Compassionate conservatism has been dead for a long time. Romney’s Detroit speech cremated the remains. As a man, Romney remains far and away the most capable of the presidential candidates seeking the Republican nomination. But he has now finally eliminated the policy differences separating him from the radical congressional wing.
While he regularly accuses President Obama of “making us like Europe,” Mitt Romney’s economic agenda would truly make America more like Europe, because the Republican agenda is essentially that same austerity agenda shrinking national economies in Europe.
An odd thing happened during Mitt Romney’s victory-lap speech after Tuesday’s Republican primaries: He didn’t once mention the word “Europe.”
The absence was jarring, because Romney’s claim that President Obama is dragging the United States toward a loathsome European-style “social welfare” future has been a staple of the former Massachusetts governor’s shtick ever since he started campaigning in earnest.

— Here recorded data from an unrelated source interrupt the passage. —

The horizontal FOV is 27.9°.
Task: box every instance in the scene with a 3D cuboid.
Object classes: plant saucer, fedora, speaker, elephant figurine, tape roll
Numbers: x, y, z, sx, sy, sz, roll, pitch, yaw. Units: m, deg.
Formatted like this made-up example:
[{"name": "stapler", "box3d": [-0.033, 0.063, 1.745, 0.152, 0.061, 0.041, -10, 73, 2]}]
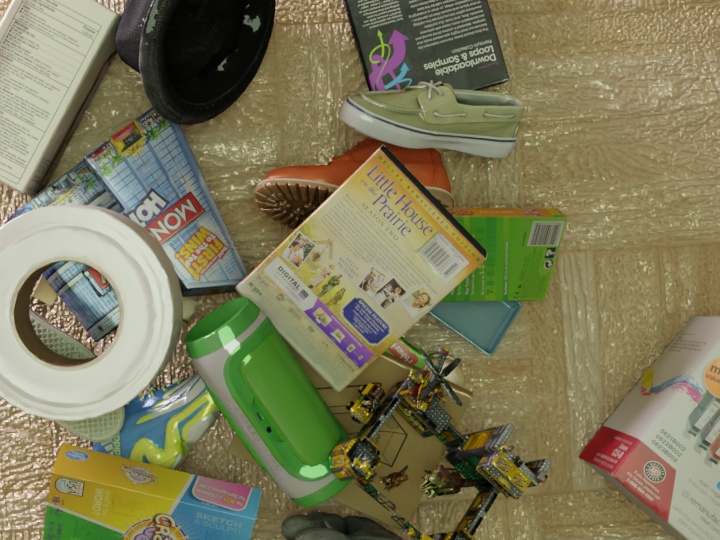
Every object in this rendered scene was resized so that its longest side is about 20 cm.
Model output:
[{"name": "plant saucer", "box3d": [0.069, 0.006, 1.494, 0.200, 0.019, 0.070, 36, 70, -4]}, {"name": "fedora", "box3d": [-0.173, -0.244, 1.432, 0.091, 0.200, 0.201, 21, 88, 30]}, {"name": "speaker", "box3d": [-0.083, 0.127, 1.385, 0.088, 0.088, 0.200, -34, 106, -3]}, {"name": "elephant figurine", "box3d": [-0.026, 0.350, 1.444, 0.141, 0.155, 0.201, 8, 92, -23]}, {"name": "tape roll", "box3d": [-0.270, 0.039, 1.363, 0.201, 0.071, 0.203, 0, 93, 0]}]

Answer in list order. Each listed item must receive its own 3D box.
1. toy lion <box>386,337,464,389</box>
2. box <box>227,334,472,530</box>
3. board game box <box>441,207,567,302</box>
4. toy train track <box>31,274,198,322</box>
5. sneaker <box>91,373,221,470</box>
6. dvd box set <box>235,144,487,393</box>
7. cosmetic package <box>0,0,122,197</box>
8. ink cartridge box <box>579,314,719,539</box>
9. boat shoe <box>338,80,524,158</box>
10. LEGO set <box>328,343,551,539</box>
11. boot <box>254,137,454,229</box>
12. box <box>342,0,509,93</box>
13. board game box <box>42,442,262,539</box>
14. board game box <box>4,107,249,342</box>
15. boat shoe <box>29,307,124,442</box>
[{"name": "toy lion", "box3d": [-0.022, 0.107, 1.479, 0.200, 0.069, 0.192, 45, 94, -3]}, {"name": "box", "box3d": [-0.012, 0.152, 1.449, 0.199, 0.021, 0.164, 25, 104, -2]}, {"name": "board game box", "box3d": [0.108, -0.015, 1.446, 0.199, 0.030, 0.096, -2, 118, -29]}, {"name": "toy train track", "box3d": [-0.261, 0.000, 1.475, 0.199, 0.033, 0.115, 26, 77, -9]}, {"name": "sneaker", "box3d": [-0.204, 0.143, 1.446, 0.105, 0.076, 0.200, 36, 97, 2]}, {"name": "dvd box set", "box3d": [0.000, 0.000, 1.378, 0.146, 0.029, 0.200, 45, 107, -5]}, {"name": "cosmetic package", "box3d": [-0.323, -0.183, 1.441, 0.103, 0.087, 0.201, 29, 89, -1]}, {"name": "ink cartridge box", "box3d": [0.349, 0.163, 1.457, 0.145, 0.145, 0.200, 39, 86, -2]}, {"name": "boat shoe", "box3d": [0.073, -0.160, 1.452, 0.199, 0.072, 0.062, 5, 117, -29]}, {"name": "LEGO set", "box3d": [0.080, 0.182, 1.352, 0.154, 0.116, 0.200, -43, 97, -29]}, {"name": "boot", "box3d": [-0.007, -0.093, 1.467, 0.199, 0.075, 0.108, 2, 55, -5]}, {"name": "box", "box3d": [0.058, -0.270, 1.494, 0.142, 0.036, 0.201, -16, 90, -3]}, {"name": "board game box", "box3d": [-0.209, 0.256, 1.428, 0.199, 0.040, 0.153, 13, 128, -3]}, {"name": "board game box", "box3d": [-0.212, -0.030, 1.443, 0.200, 0.062, 0.200, -40, 93, -16]}, {"name": "boat shoe", "box3d": [-0.309, 0.093, 1.441, 0.200, 0.062, 0.075, 40, 80, 10]}]

It’s always been an easy line for him: Europe, Romney’s audience understands, is the land of the not-free. The continent gave birth to Karl Marx, for crying out loud! Every now and then, socialist political parties actually take power!
But there is a big problem with Romney’s formulation. For the last year or two, Europe has been implementing, in real time, exactly the policies that Romney and congressional Republicans fervently believe are the best strategy for boosting economic growth. It’s called “austerity,” and it means cutting deficits, slashing spending, and chipping away at all those goodies the social welfare state provides.
Like I said before, I’m not a Nobel-winning economist. But when a Nobel laureate like Krugman says what I’ve basically been saying all along, I take it as a sign that I’m at least on the right track.